When I started this journal in March of 2000,
I did it for a couple of reasons, mostly inspired by my friend
Steve Schalchlin, the fifth person ever to post an on-line journal.
But what I really wanted to do was to see if I could write a daily newspaper
column.
I had long admired Erma Bombeck and dreamed
of having a column like hers. On the off chance that The Davis Enterprise
was ever looking for a writer for a column like that, I wondered if it could
be me.
I tried to produce an ~750-850 word column
every day...and discovered that I could, though I also found out that it was
waaay harder to be Erma Bombeck than it seems on the surface. I
still haven't done that.
Well, eventually they offered me the job of
theater critic, a job I have enjoyed for 15 years now, and there came a time
when they did want someone to write a journal entry once a week and
the job went to Marion Frank, a wonderfully talented writer who approaches
my Erma aspirations more often than I do.
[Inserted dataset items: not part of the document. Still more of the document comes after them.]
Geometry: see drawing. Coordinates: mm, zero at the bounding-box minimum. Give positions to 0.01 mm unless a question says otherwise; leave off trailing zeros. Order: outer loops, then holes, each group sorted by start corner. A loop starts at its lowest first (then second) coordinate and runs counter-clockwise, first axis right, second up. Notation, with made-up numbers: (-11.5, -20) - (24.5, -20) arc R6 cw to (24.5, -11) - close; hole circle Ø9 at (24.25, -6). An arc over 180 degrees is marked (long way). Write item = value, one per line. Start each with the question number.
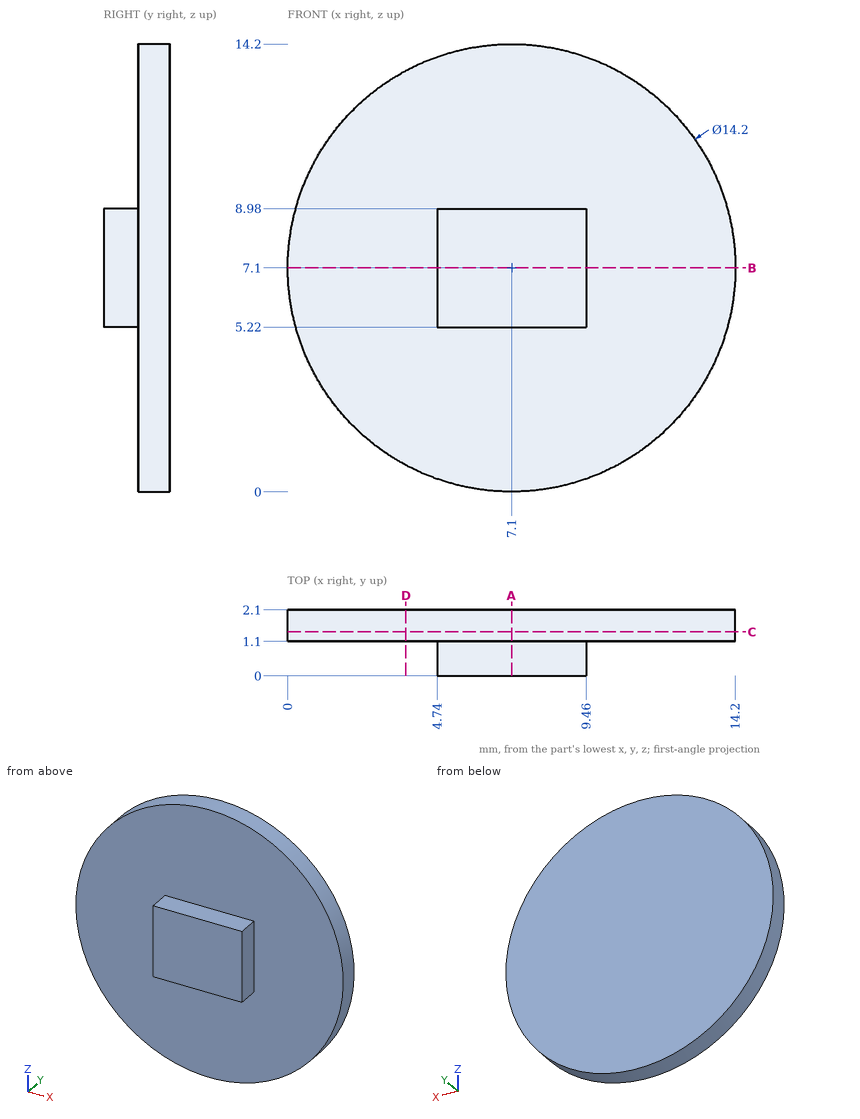
Q1. Section C-C, the plane y = 1.4. Return the cut outline in (x, z), then the cut area to 3 significant figures.
Q2. Section B-B, the plane z = 7.1. Return the cut outline in (x, y).
Q3. Section D-D, the plane x = 3.75. Return the cut outline in (y, z).
Q4. Material intervals for line 1 along Y through (x, z) = (9.25, 3.5); line 2 along Z through (x, y) = (5.25, 0.6); line 3 along X through (y, z) = (0.3, 8.75), sorted ascending. Write a range as from..to.
Q5. Contact query for flat-ended pins moving along their axis: pin 1 (0.9 mm diameter, centred on y = 0.5, z = 7, fed in from +X); pin 2 (4.5 mm diameter, centred on x = 7, z = 10.5, fed in from -Y); pin 3 (6 mm diameter, centred on x = 5.5, z = 2, fed in from -Y). Output: stop coordinate, or through.
Q6. Section A-A, the plane x = 7.1. Return the cut outline in (y, z).
The answers:
q1.outline = circle Ø14.2 at (7.1, 7.1)
q1.area = 158 mm²
q2.outline = (0, 1.1) - (4.74, 1.1) - (4.74, 0) - (9.46, 0) - (9.46, 1.1) - (14.2, 1.1) - (14.2, 2.1) - (0, 2.1) - close
q3.outline = (1.1, 0.84) - (2.1, 0.84) - (2.1, 13.36) - (1.1, 13.36) - close
q4.line_1 = 1.1..2.1
q4.line_2 = 5.22..8.98
q4.line_3 = 4.74..9.46
q5.pin_1 = 9.46
q5.pin_2 = 0
q5.pin_3 = 1.1
q6.outline = (0, 5.22) - (1.1, 5.22) - (1.1, 0) - (2.1, 0) - (2.1, 14.2) - (1.1, 14.2) - (1.1, 8.98) - (0, 8.98) - close
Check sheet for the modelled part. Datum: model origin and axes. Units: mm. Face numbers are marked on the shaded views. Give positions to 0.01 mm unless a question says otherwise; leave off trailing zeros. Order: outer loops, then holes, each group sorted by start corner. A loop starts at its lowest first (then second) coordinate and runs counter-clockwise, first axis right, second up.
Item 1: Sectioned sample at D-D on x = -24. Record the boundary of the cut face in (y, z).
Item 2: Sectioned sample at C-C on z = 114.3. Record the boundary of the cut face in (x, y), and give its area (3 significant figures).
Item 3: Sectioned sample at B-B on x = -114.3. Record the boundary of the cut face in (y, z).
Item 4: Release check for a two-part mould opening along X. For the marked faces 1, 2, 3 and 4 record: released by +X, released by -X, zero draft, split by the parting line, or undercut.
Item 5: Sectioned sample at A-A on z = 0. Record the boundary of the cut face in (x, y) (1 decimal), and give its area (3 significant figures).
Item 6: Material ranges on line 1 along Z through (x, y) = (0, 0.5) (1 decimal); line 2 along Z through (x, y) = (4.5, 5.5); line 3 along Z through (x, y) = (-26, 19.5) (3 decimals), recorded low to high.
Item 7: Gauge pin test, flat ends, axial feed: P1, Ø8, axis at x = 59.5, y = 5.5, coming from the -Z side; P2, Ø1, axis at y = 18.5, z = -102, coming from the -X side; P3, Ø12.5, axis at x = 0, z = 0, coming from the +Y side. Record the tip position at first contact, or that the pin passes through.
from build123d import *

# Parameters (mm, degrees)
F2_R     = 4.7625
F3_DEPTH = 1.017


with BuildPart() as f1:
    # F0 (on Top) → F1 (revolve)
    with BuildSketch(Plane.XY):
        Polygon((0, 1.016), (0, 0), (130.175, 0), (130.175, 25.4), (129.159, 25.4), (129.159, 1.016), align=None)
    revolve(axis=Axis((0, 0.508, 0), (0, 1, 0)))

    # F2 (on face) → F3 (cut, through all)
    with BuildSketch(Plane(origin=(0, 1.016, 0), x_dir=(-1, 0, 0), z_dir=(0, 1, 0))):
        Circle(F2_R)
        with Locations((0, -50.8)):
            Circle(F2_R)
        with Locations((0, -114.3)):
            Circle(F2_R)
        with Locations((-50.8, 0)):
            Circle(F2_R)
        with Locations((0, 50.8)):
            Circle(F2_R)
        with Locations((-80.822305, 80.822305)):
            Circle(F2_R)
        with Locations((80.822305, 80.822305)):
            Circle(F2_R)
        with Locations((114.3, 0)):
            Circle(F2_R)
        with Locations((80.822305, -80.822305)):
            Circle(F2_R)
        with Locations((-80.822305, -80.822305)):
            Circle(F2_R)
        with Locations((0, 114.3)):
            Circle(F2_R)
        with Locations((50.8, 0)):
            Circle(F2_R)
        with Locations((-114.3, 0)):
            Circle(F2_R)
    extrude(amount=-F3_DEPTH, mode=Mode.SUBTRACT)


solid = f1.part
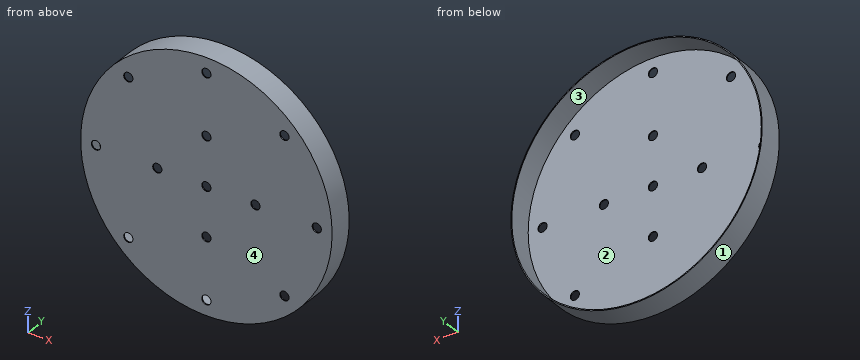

Recently she was stuck for something to write
about. It happens to all of us. You know the deadline is looming
and there is just nothing there. As it happened it was around
Christmas time. While her family traditionally had a big celebration
on Christmas eve, this year their children would not be arriving until
Christmas day. It would be the first year she and her husband would be
alone on Christmas eve.
Then she got a flyer from Capital Stage in
Sacramento, advertising its holiday show, Santaland Diaries
(apparently she didn't get her information from my review. Harumph.
But let it pass) and she decided maybe they would have their "Jewish
Christmas" ("I'm half Jewish myself," she admits), go to a nice Chinese
restaurant for dinner and then see Santaland Dairies.
The truth is, I had two concerns that were prompting me to buy tickets. I was afraid of possible loneliness on Christmas Eve and I needed to produce a column by Jan. 1.
When she bought the tickets only 8 other
tickets had been sold and she figured that writing about how a comedian does
a one-man show for a handful of people would be an interesting angle.
But by the time the show arrived, about half the house was full so it wasn't
going to be interesting to write about the lack of patrons.
She and her husband tried to check out the
audience to see the kinds of people who go to the theater on Christmas
night, but found them all just ordinary looking.
My husband and I left the theater saying to each other that Christmas Eve out isn’t very different from a normal night out. We weren’t having a unique experience and — worse yet — I didn’t have a column.
But she did. She wrote a whole column
about how she tried to find something to write about...but came up dry.
When I don't have anything to write about, I
usually turn to an old meme that I saved years ago.
Tonight, however, I could write about my
fellow writer, who was having the same problem I was tonight.